I've always stuck to it hard and fast, but since I've been playing the same person for a few weeks now, I recently suggested that we could have an extra "slot" for our armies. I chose an extra HQ because I can't fit Vect, The Baron and Haemonculi in my 2k list without detachments, and he would like to have 4 Reaver jetbike squads in 2k, so has an extra FA slot.

Given that neither of us are trying to "power game" much, would you be happy if I fielded it against you? Or would you demand I followed the chart (and you're well within your rights to do so of course)? Have you ever altered the chart yourself? Did it change the shape of the battles at all?


----------



## Treesnifer (Jun 13, 2010)

Shoot! I'd run with it. I could see doing that in a scenario, but we've done that in Epic SM as well. Our Eldar player HATED the Eldar company cards (something about guardians not being as good a x, y, or z) - we allowed him to make up his own. Needless to say, it was rather interesting to face companies made up of a detachment of Wave Serpents with Banshee, War Walkers, and Falcon Tanks. In the end, all it did was make it difficult to get points out of him since you weren't ever sure what the break point of his company was.

Here in 40K, I think it'd amount to the same thing. Just think if you had your 3 HQs, say having a conference at their bunker, and got caught by an elite deep strike force or a raid of opportunity by a force of skimmers. One of the things I like with the 40K scale is the ability to make a story out of the battles...in Epic SM the battles became very repetitive, even after the siege rules came out.


----------



## SGMAlice (Aug 13, 2010)

When I do play 'Nilla 40k with a few friends, we have been known to add another slot or two to it. Usually by D6'ing it:

1-2=Troops
3-4=Fast Attack
5=Elite
6=Heavy Support

It seems to make no difference, at least in my experience.
Its just another Unit on the battlefield which evens out with the 'Other' unit on the battlefield.

SGMAlice


----------



## Katie Drake (Nov 28, 2007)

Sethis said:


> Now that we've sorted that out - to hijack slightly:
> 
> Does anyone regularly break the FOC? Obviously not in tournaments or pick-up games, but against someone you play a lot?

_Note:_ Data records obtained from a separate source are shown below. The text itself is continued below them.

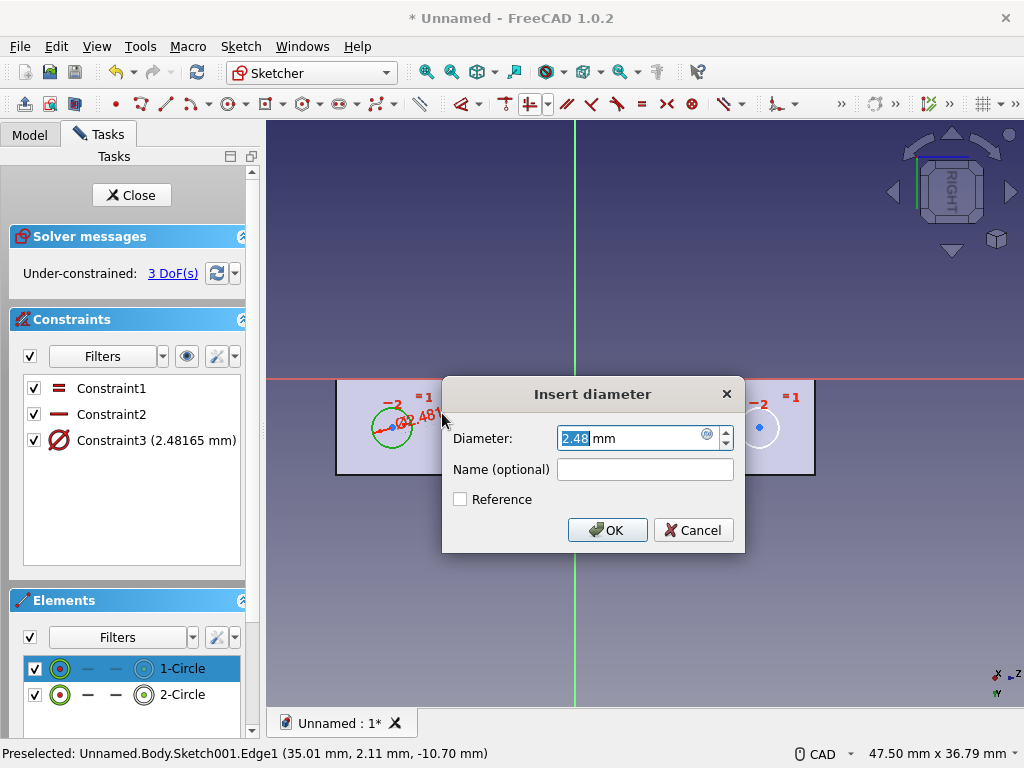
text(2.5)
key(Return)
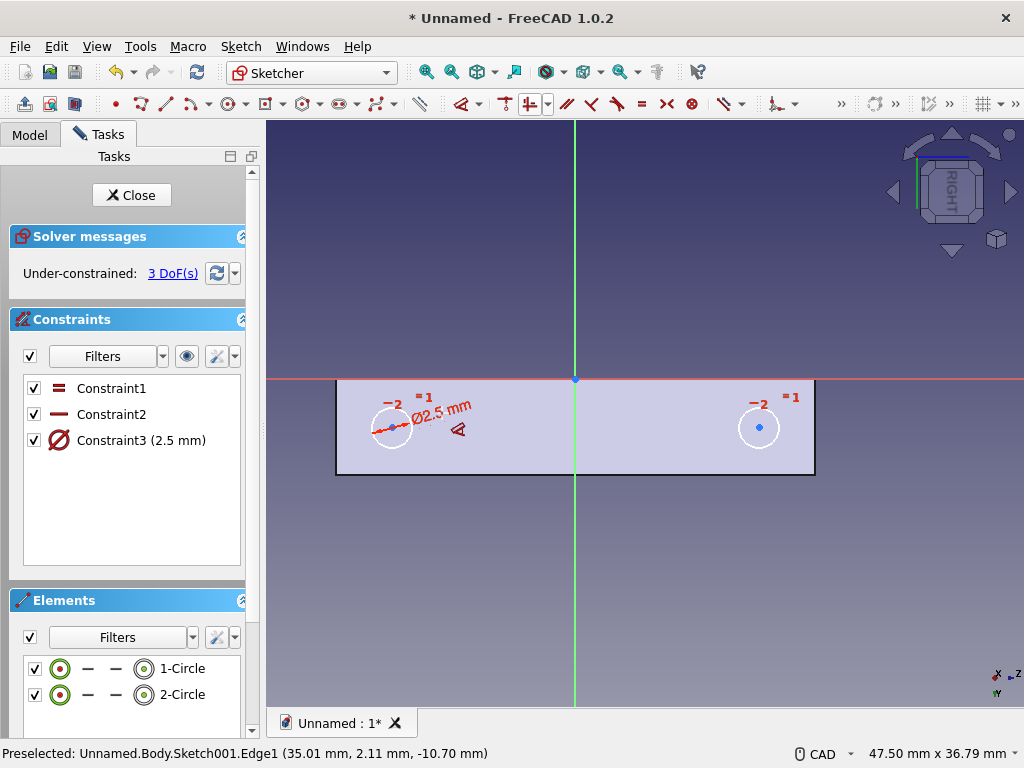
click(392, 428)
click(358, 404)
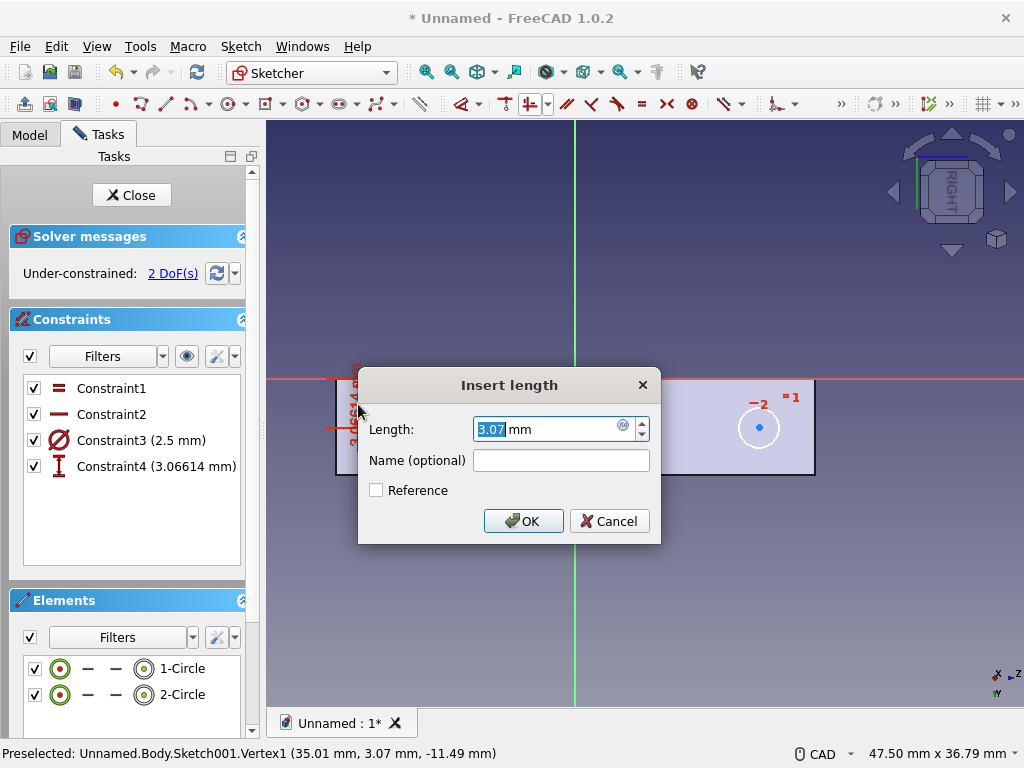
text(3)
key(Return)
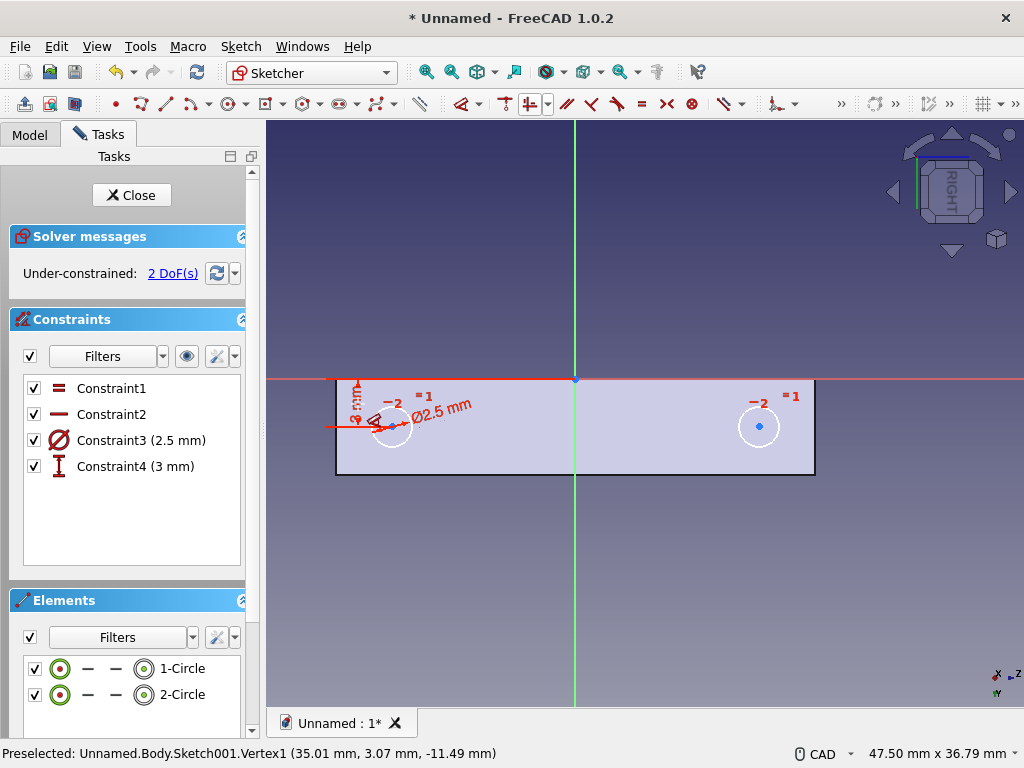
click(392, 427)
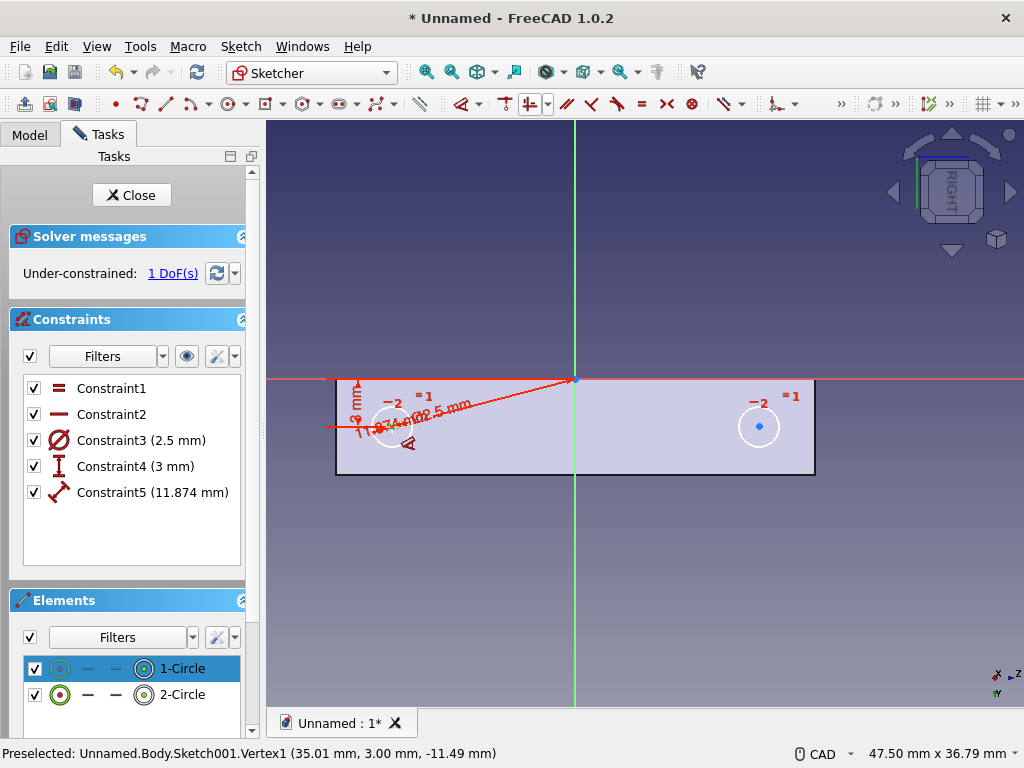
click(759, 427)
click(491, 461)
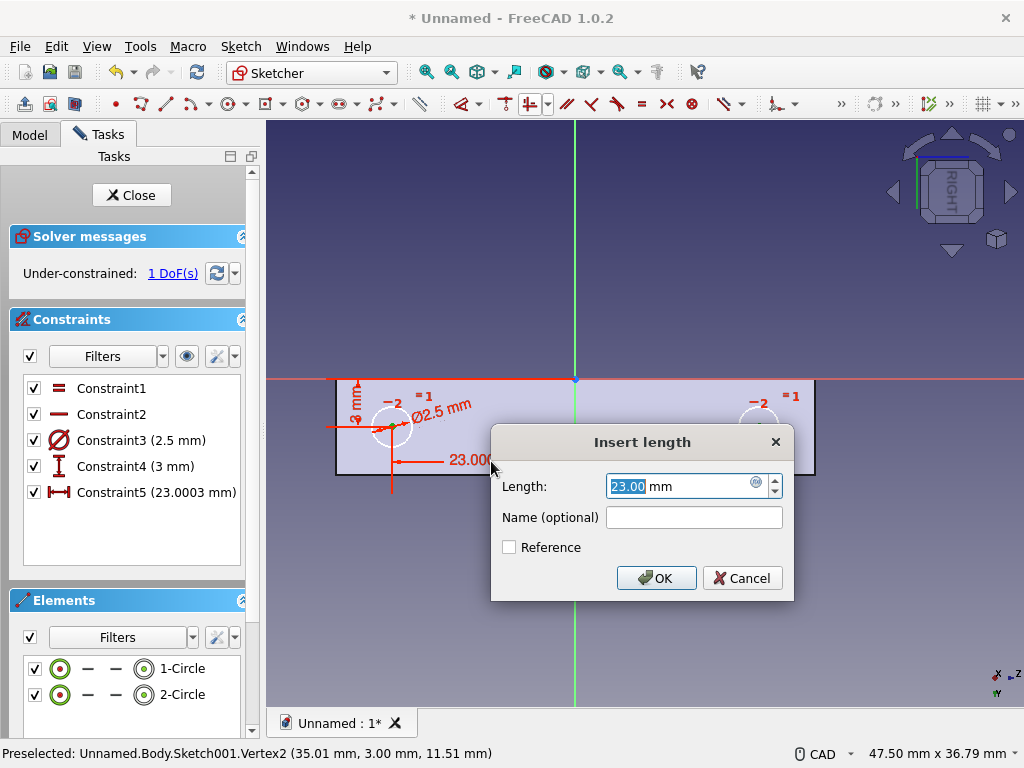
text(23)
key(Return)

My group does on occasion when we're playing more background-based games. Last time was a 4,000 point-per-side affair with 2,000 points each of Blood Angels and Black Templars against 4,000 points of Tyranids (the idea was that the battle would be one of those being fought against Hive Fleet Leviathan in the Baal system). We allowed everyone to take a normal FOC plus a single extra HQ choice to allow for a General-like HQ. The objective was to use your General to kill the other side's. Pretty fun stuff.


----------



## Agemo (Jan 14, 2010)

A couple of times in low point doubles (pick up games), we've had the two teammates share a FOC chart between them. This has potential to break stuff, but like somebody mentioned above, we're not really power gaming


----------



## Azezel (May 23, 2010)

Sometimes in doubles games we let allies from different codices share a chart. Fr'ex the last time My Sisters fought alongside the Grey Knights the GK player and I shared a chart. He didn't want to bring an HQ since it's hard to get a good force of GK in 1'000 points.

It's a little bit exploitative, but no-one objected and I think it's actually against the law to accuse a pure Grey Knights player of power-gaming.


----------



## jfvz (Oct 23, 2010)

Sethis said:


> Now that we've sorted that out - to hijack slightly:
> 
> Does anyone regularly break the FOC? Obviously not in tournaments or pick-up games, but against someone you play a lot?


I dont think i would mind, ild probally want an extra heavy support choice though. I generally just use the FOC as a seed to grow my lists around.


----------